Ragna snorted. "They’ll call it whatever gets them paid."

Mira’s gaze drifted to the wall panel. "That voice system. It warned us before it got dangerous. No runner. No bell. No shouting."

Ragna glanced at the shower door. "And hot water. And food. And flying wagons that carry bleeding villagers to healers."

She shook her head once, like she was trying to reset her thoughts.

"This place is wrong," she said. "But it’s also... fair. In its own way."

Mira’s mouth tightened. "Fair is not the word I’d use."

"What word then?" Ragna asked.

Mira looked down at her hands. "Consistent."

Lyris sat on the chair and rested her forearms on the table. "Consistency is power."

Ragna turned from the window. "You sound like a noble."

Lyris didn’t rise to it. "No. Nobles are consistent when it benefits them."

Mira let out a short breath. "What happens tomorrow?"

Lyris answered, "Orientation. Rules. Boundaries."

Ragna rolled her shoulders. "And then we start being their ’local partners.’"

Mira’s eyes narrowed. "Which means we start explaining the world to people who can level a forest without a mage circle."

Ragna’s lips pulled back in a grin. "Good.
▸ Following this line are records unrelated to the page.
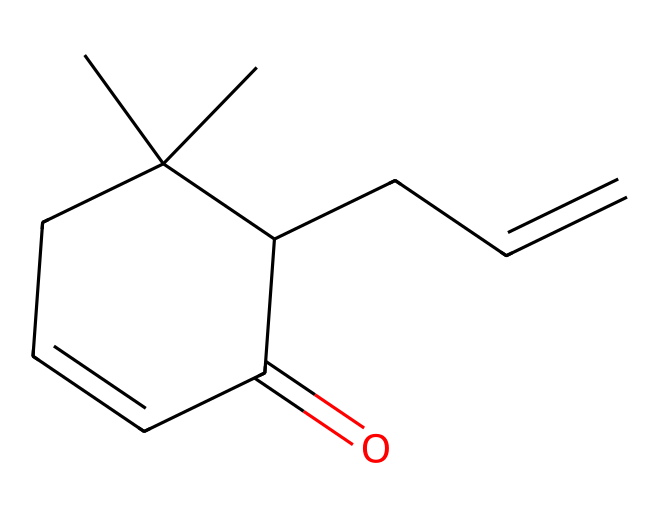How many carbon atoms are in jasmone? The SMILES representation shows multiple carbon atoms, and by counting the "C" symbols in the structure, we can identify that there are ten carbon atoms.
Answer: ten What is the functional group present in jasmone? The presence of the "C=O" notation in the SMILES indicates that this molecule features a carbonyl group, characteristic of ketones.
Answer: carbonyl What is the degree of saturation for jasmone? By counting the number of rings and double bonds in the structure, we can determine the degree of saturation. The presence of one ring and several double bonds indicates a high degree of saturation, which in this case is 10.
Answer: 10 How many double bonds are present in jasmone? Examining the structure reveals that there are two double bonds, indicated by "C=C" in the SMILES, that contribute to the molecule's unsaturation.
Answer: two Is jasmone a ketone or an aldehyde? In the structure, the ketone functionality is identified because the carbonyl (C=O) is bonded to two carbon atoms, characteristic of a ketone rather than an aldehyde, which would bond to a hydrogen.
Answer: ketone Which part of the molecule contributes to its floral scent? The cyclohexene ring along with the surrounding substituents in the structure contributes to the overall aroma, but specifically, the branched alkyl groups are often related to the floral scent.
Answer: cyclohexene ring What is the molecular formula for jasmone? By using the provided SMILES, we can deduce the molecular formula by identifying the total number of each atom type present. In this case, there are 10 carbons, 14 hydrogens, and 1 oxygen, yielding the formula C10H14O.
Answer: C10H14O

Maybe someone will finally listen."

A soft beep came from the wall panel. A different tone than the announcement. Mira flinched, then realized it wasn’t the alarm.
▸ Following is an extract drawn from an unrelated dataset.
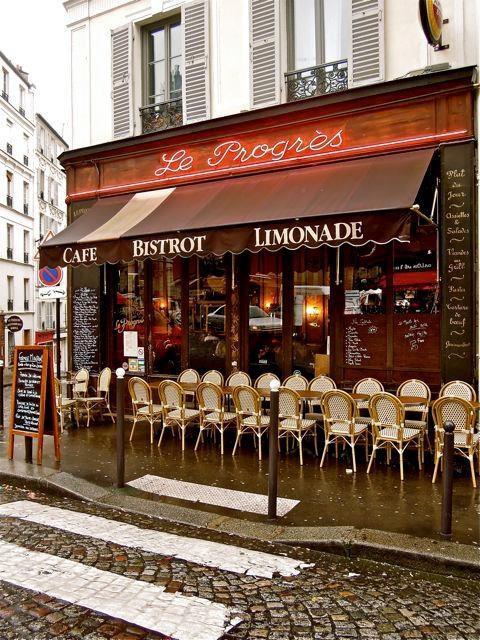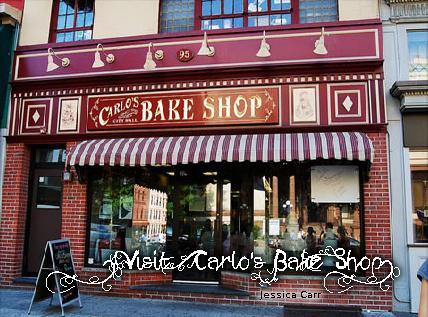The first image is the image on the left, the second image is the image on the right. For the images displayed, is the sentence "In at least one image there is a shelve of bake goods inside a bakery." factually correct? Answer yes or no. No. The first image is the image on the left, the second image is the image on the right. Analyze the images presented: Is the assertion "One of the shops has tables and chairs out front." valid? Answer yes or no. Yes.

Lyris leaned toward it. The small light blinked. Then a voice came through, not loud, a person speaking in Atlas language. A few words. Then silence.

Ragna stared at it. "What was that?"

Mira got up and stepped to the panel. She looked at the buttons like they were traps, then pointed at the black one.

"We pressed this," she said. "So they can talk back."

Ragna’s ears perked. "Talk to the wall. Great."

Another beep. This time, a different voice. Ward’s voice, distorted through the speaker, but clear enough.

"Guest wing. You three up?"

Mira stared at the panel, then looked at Lyris like she wanted permission to answer.

Lyris nodded once.

Mira leaned in, speaking toward the panel like it was a listener. "Yes."

A pause. Then Ward again. "Med evac’s done. Don’t freak out. You’re fine."

Ragna stepped forward, speaking louder than needed. "We weren’t freaking out."

Ward’s voice came back. "Sure."

Another pause. "We got an update. Your Aldo woman’s stable. She’s in surgery. Docs say good odds."

Mira’s shoulders dropped a fraction. She didn’t smile. She just let the tension go from her neck.

Lyris said toward the panel, "Thank you."

Ward didn’t do speeches. "Get sleep. Tomorrow starts early."

The speaker clicked off.

Ragna stared at the wall panel, then at Mira. "You just talked to him without a runner."

Mira sat back down slowly. "Yes."

Ragna went to the bunk and lay down, but she didn’t close her eyes. "If the temples see this, they’ll call it divine."

Lyris lay back on the upper bunk, eyes on the ceiling. "Albert will call it infrastructure."

Mira’s voice was quiet. "And the guild will call it a problem."

Ragna’s tail flicked once. "Let them. I’m tired of watching villages die because someone didn’t feel like riding out."

Silence settled again. Not the silence of fear. The silence of people trying to rest while their head won’t stop moving.

Outside, the base kept breathing through vents and generators. Far away, a vehicle started, then faded. Somewhere else, a door slammed. A radio crackled, then went quiet.

Lyris listened until the sounds turned into a pattern she could predict.

Mira’s breathing slowed first again, though she kept shifting like sleep wouldn’t land clean.

Ragna stayed still, eyes open, staring at the dark.

Then the wall panel blinked once more. Not an alarm. Just a soft light pulsing, like it was waiting for the next message.

Ragna whispered, "Tomorrow they’ll put us on a schedule."

Lyris answered from above, voice low. "Good."

Ragna turned her head slightly. "Why ’good’?"

Lyris didn’t look down. "Because if we don’t move with them, we’ll be left behind. And if we’re left behind, Aldo happens again."

Ragna’s ears twitched. Mira didn’t respond, but her hand tightened on the blanket.

Outside the guest wing, boots moved past the lane light again. The base didn’t sleep. It rotated, checked, watched, and kept going.

Lyris closed her eyes, then opened them again when another distant thump rolled through the night, softer this time, farther away, like another aircraft landing on a different pad.